◆ **Task to complete**: Write the data out again exactly, with no pictures.

◆ **Collected data**:
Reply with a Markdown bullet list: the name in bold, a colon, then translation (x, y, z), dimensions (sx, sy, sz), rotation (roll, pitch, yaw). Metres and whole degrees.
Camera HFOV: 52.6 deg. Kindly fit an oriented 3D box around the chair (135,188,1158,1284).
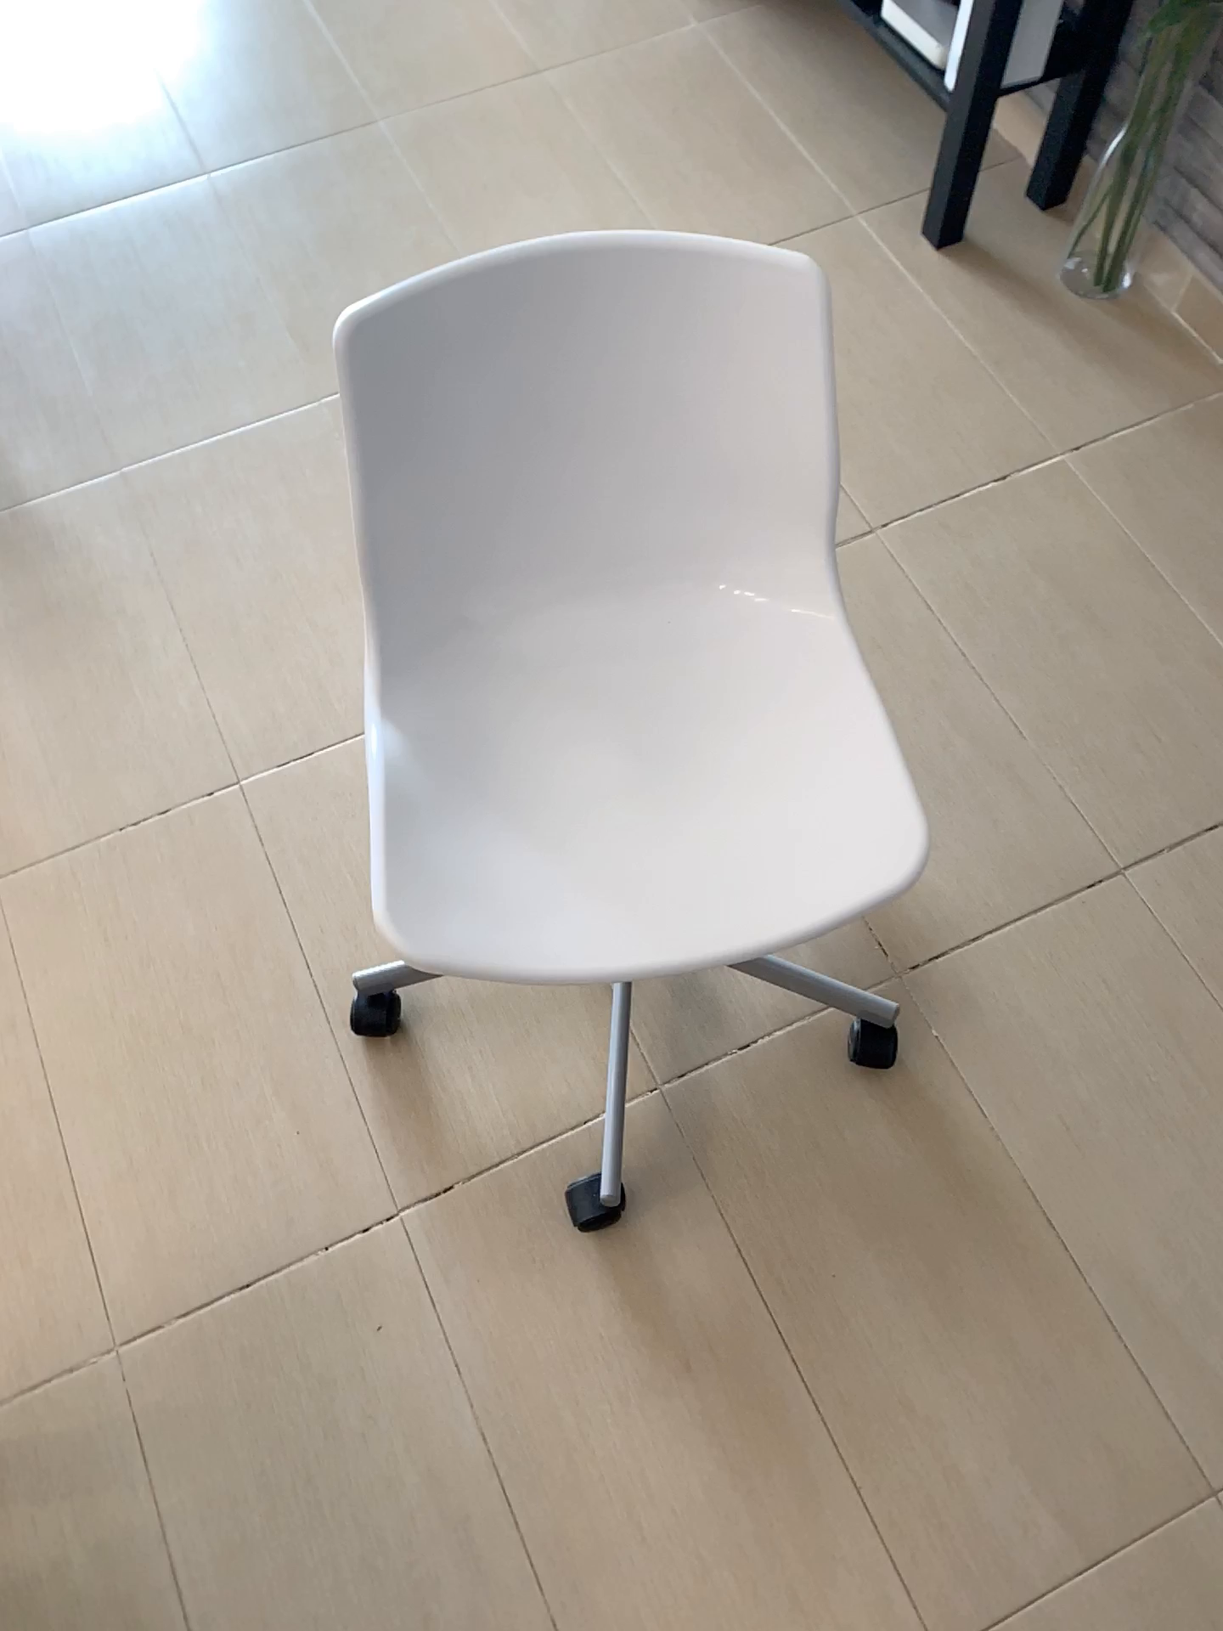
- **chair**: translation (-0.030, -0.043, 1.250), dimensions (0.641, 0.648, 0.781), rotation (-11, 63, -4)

◆ **Your response**:
Reply with a Markdown bullet list: the name in bold, a colon, then translation (x, y, z), dimensions (sx, sy, sz), rotation (roll, pitch, yaw). Metres and whole degrees.
Camera HFOV: 52.6 deg. Kindly fit an oriented 3D box around the chair (135,188,1158,1284).
- **chair**: translation (-0.030, -0.043, 1.250), dimensions (0.641, 0.648, 0.781), rotation (-11, 63, -4)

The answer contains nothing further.